Machine learning-KMeans algorithm principle && Spark implementation

A data developer who doesn’t understand the algorithm is not a good algorithm engineer. I still remember some of the data mining algorithms that my instructor talked about when I was a graduate student. I was quite interested, but I felt less contact after work. Offline data warehouse>ETL engineer>BI engineer (if you don’t like it), the work I do now is mainly offline data warehouse. Of course, I have done some ETL work in the early stage. For the long-term development of the profession, I broaden my technical boundaries. It is necessary to gradually deepen the real-time and model, so starting from this article, I will also list a FLAG to learn the real-time and model part in depth.

To change yourself, start by improving what you are not good at.
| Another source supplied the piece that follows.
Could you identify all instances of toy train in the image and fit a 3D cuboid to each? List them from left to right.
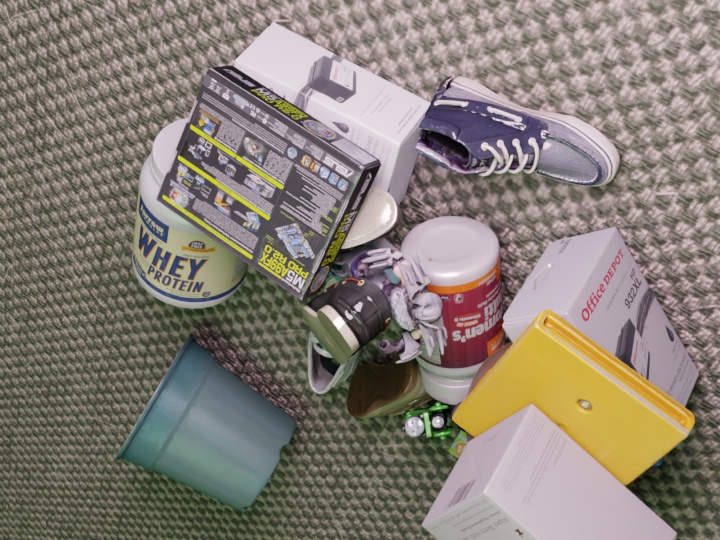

1. KMeans-Introduction to Algorithm

The K-Means algorithm is an unsupervised clustering algorithm. It is relatively simple to implement and has a good clustering effect, so it is widely used.

  • K-means algorithm, also known as K-means or K-means, is generally used as the first algorithm to master clustering algorithms.

  • Here K is a constant and needs to be set in advance. In layman's terms, the algorithm aggregates M samples that are not labeled into K clusters in an iterative manner.

  • The process of gathering samples is often divided by the distance between samples as an index.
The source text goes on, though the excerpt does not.